Big East Expansion: Boise State And Advancing The Western Front

BOISE, ID - DECEMBER 03: Josh Borgman #19 of the Boise State Broncos carries the hammer onto the field before the game against the New Mexico Lobos at Bronco Stadium on December 3, 2011 in Boise, Idaho. (Photo by Otto Kitsinger III/Getty Images)

There's only room for one sixth-biggest conference in this town, and the Big East has just ensured the Mountain West won't challenge for that status again.

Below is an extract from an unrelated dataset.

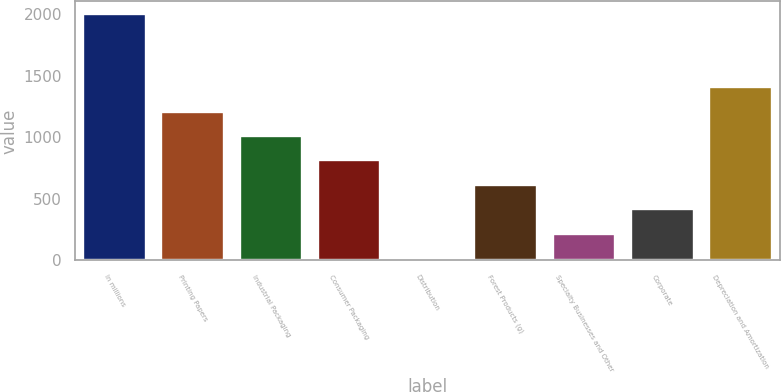Convert chart to OTSL. <chart><loc_0><loc_0><loc_500><loc_500><bar_chart><fcel>In millions<fcel>Printing Papers<fcel>Industrial Packaging<fcel>Consumer Packaging<fcel>Distribution<fcel>Forest Products (g)<fcel>Specialty Businesses and Other<fcel>Corporate<fcel>Depreciation and Amortization<nl><fcel>2004<fcel>1209.2<fcel>1010.5<fcel>811.8<fcel>17<fcel>613.1<fcel>215.7<fcel>414.4<fcel>1407.9<nl></chart>

If the Big 12 can have 10 teams and the Big Ten 12, then why can't the Big East have San Diego State as a member? After all, America's Finest City (that's what it's called; I know, I live here) is east of Honolulu and Anchorage, not to mention Reno.

The conference realignment craze hit a crescendo Wednesday when the Big East added five schools, with four nowhere near the Eastern Time Zone. Boise State and San Diego State will enter as football-only members while SMU, Houston and Central Florida will join as full members. They'll begin in the Big East in 2013, though it could be sooner if these schools can find a way to wiggle out of their current conferences.

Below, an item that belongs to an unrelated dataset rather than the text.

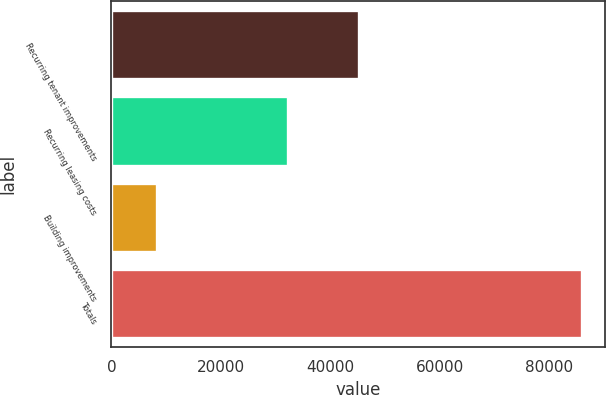Convert chart. <chart><loc_0><loc_0><loc_500><loc_500><bar_chart><fcel>Recurring tenant improvements<fcel>Recurring leasing costs<fcel>Building improvements<fcel>Totals<nl><fcel>45296<fcel>32238<fcel>8402<fcel>85936<nl></chart> 
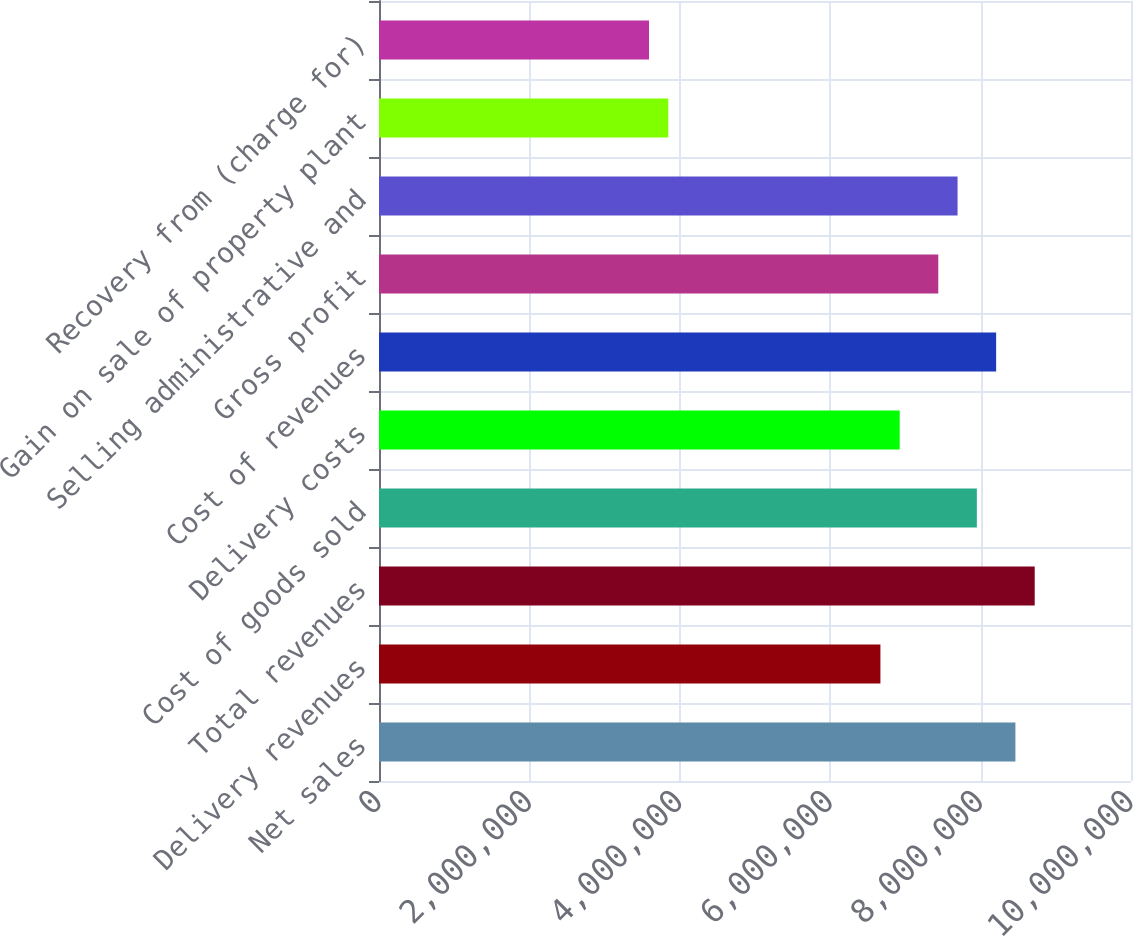<chart> <loc_0><loc_0><loc_500><loc_500><bar_chart><fcel>Net sales<fcel>Delivery revenues<fcel>Total revenues<fcel>Cost of goods sold<fcel>Delivery costs<fcel>Cost of revenues<fcel>Gross profit<fcel>Selling administrative and<fcel>Gain on sale of property plant<fcel>Recovery from (charge for)<nl><fcel>8.46302e+06<fcel>6.66783e+06<fcel>8.71947e+06<fcel>7.95011e+06<fcel>6.92429e+06<fcel>8.20656e+06<fcel>7.4372e+06<fcel>7.69365e+06<fcel>3.84683e+06<fcel>3.59037e+06<nl></chart>

But before you blame the latest absurdity on the evil that is the BCS, there's a bigger villain. While the BCS has done its part to help unravel century-old rivalries and decades-long affiliations, the insane game of musical chairs had more to do with television and the almighty dollars it brings.

That the Big East is able to survive with some semblance of legitimacy intact is mostly at the expense of the Mountain West Conference. A series of strategic missteps has taken the MWC from the precipice of gaining automatic qualifying status in the BCS to a rump conference consisting strictly of football also-rans.

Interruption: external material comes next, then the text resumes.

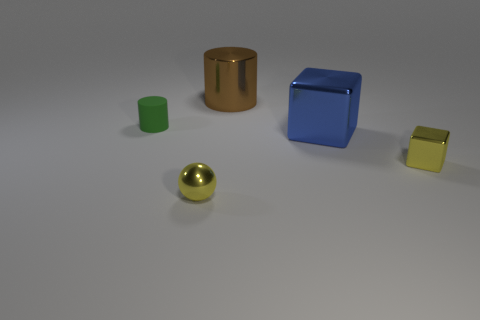Subtract 1 cylinders. How many cylinders are left? 1 Add 5 brown metal cylinders. How many objects exist? 10 Subtract all balls. How many objects are left? 4 Subtract all blue blocks. How many blocks are left? 1 Subtract all brown spheres. Subtract all cyan cubes. How many spheres are left? 1 Subtract all red blocks. How many brown cylinders are left? 1 Add 3 big brown objects. How many big brown objects exist? 4 Subtract 1 brown cylinders. How many objects are left? 4 Subtract all small yellow rubber objects. Subtract all big blue cubes. How many objects are left? 4 Add 1 shiny spheres. How many shiny spheres are left? 2 
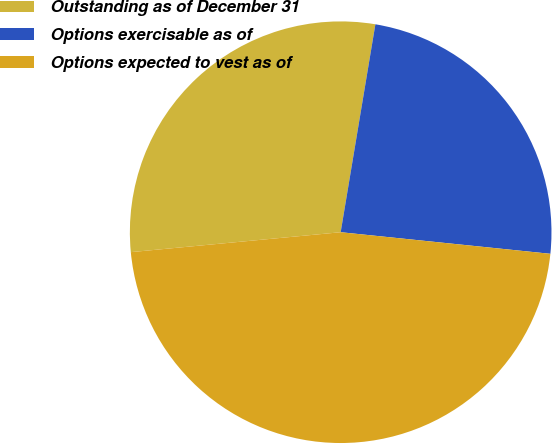Convert chart. <chart><loc_0><loc_0><loc_500><loc_500><pie_chart><fcel>Outstanding as of December 31<fcel>Options exercisable as of<fcel>Options expected to vest as of<nl><fcel>29.14%<fcel>24.0%<fcel>46.86%<nl></chart>

In 2006, the Mountain West decided to work with CBS and NBC to develop its own TV network called the Mtn. The idea was patterned after the nascent Big Ten Network. But there was just one problem - the Mountain West ain't the Big Ten.

Over the past five years, the conference has had a difficult time getting the Mtn. distributed to areas of its member schools - most notably the Metroplex where TCU plays - never mind outside of its own region. Besides the Mtn., the MWC entrusted coverage of its best football games to obscure channels such as Versus and CBS College Sports, instead of ESPN's family of networks.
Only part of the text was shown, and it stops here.